## TASK OBJECTIVE
Filter the entries for the word "degrees". Copy each line in which it occurs.

## PROVIDED RECORDS

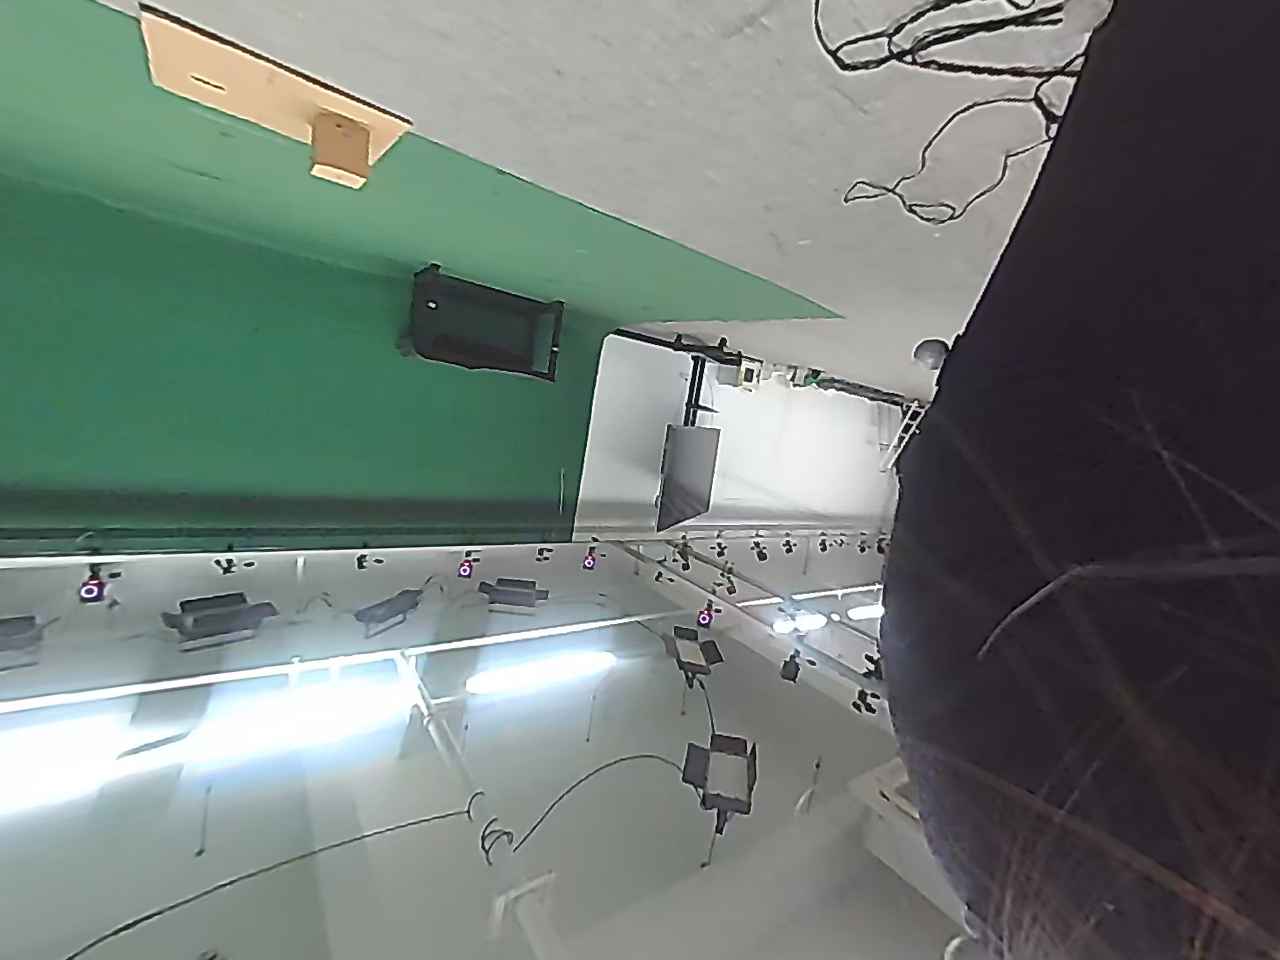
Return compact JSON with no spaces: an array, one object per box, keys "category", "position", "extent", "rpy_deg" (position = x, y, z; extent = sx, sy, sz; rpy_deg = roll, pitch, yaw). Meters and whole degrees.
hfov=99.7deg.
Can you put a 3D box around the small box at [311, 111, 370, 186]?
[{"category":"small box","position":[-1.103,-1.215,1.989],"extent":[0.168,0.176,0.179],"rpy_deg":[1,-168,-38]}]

--

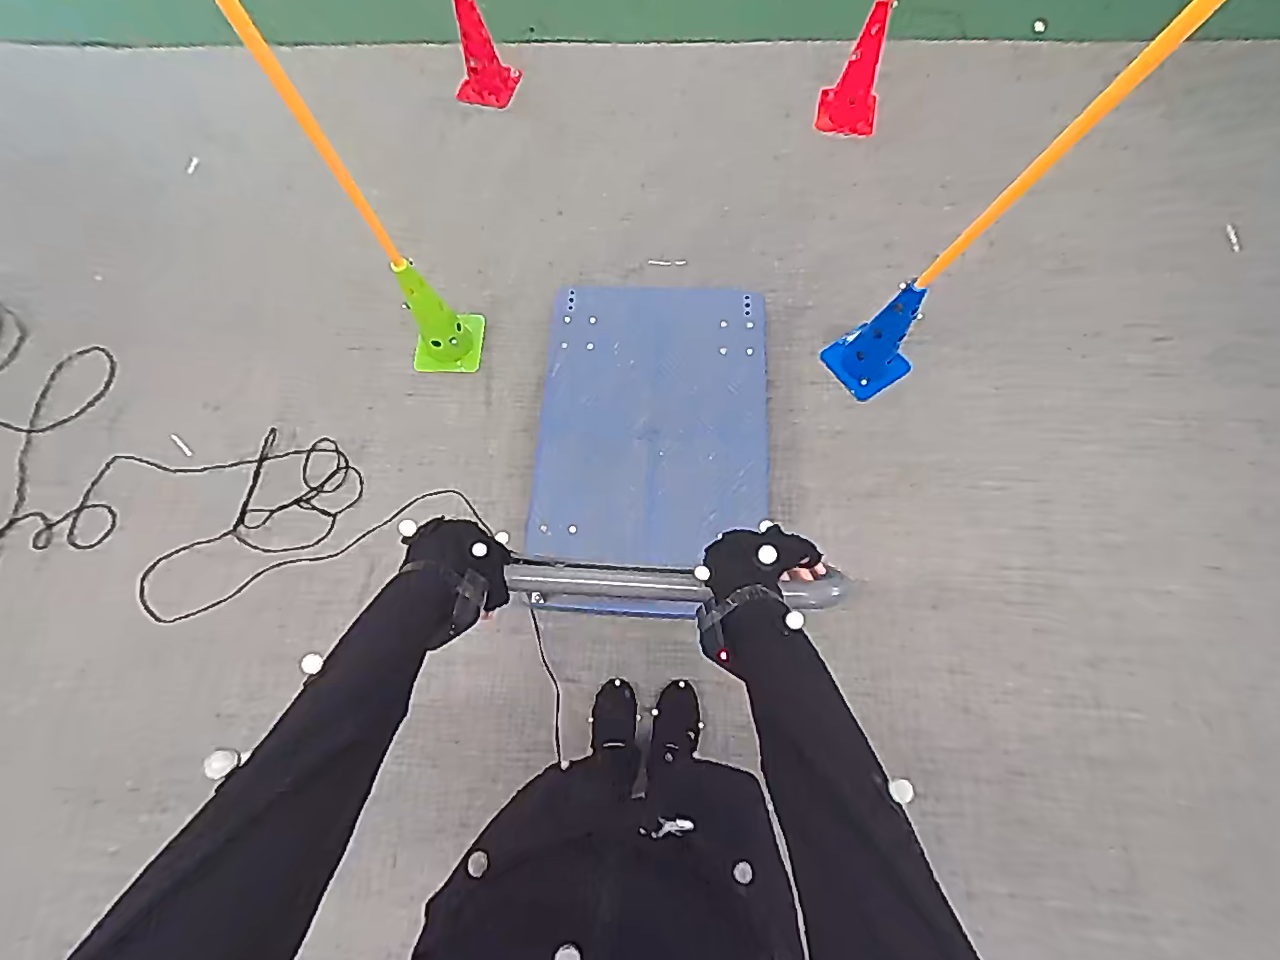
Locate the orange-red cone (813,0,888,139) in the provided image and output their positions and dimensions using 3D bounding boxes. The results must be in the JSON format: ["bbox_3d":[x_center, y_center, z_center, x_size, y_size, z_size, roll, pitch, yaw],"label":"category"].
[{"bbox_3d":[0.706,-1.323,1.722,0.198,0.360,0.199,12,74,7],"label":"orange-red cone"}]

...

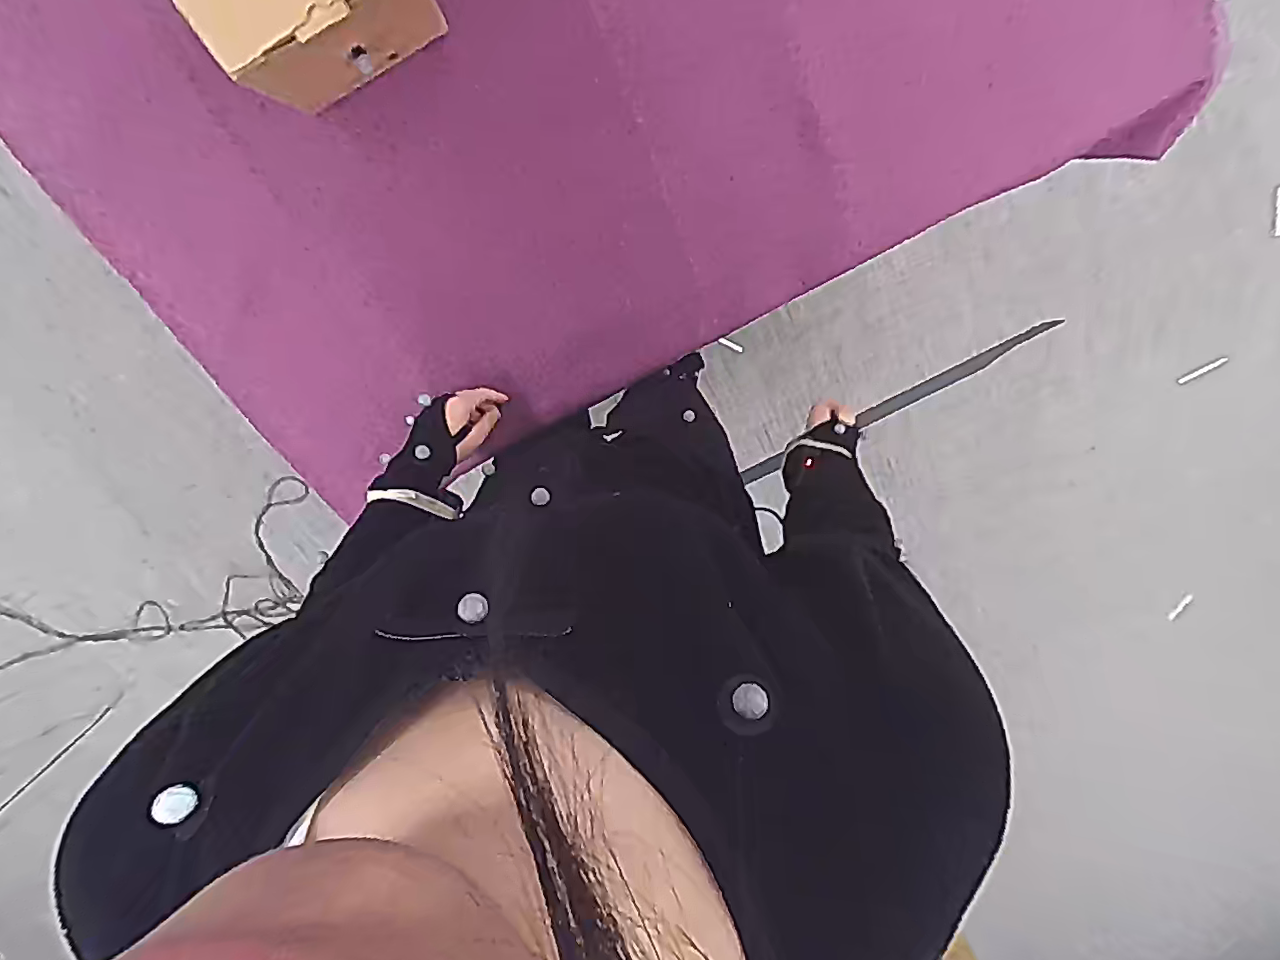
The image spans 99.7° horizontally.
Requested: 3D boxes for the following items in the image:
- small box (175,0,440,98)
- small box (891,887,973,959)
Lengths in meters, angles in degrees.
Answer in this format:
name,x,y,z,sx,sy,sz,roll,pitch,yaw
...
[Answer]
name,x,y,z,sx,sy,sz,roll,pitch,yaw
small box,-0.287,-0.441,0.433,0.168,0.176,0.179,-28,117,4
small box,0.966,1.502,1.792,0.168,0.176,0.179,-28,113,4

## COMPLETED EXERCISE
Return compact JSON with no spaces: an array, one object per box, keys "category", "position", "extent", "rpy_deg" (position = x, y, z; extent = sx, sy, sz; rpy_deg = roll, pitch, yaw). Meters and whole degrees.
Lengths in meters, angles in degrees.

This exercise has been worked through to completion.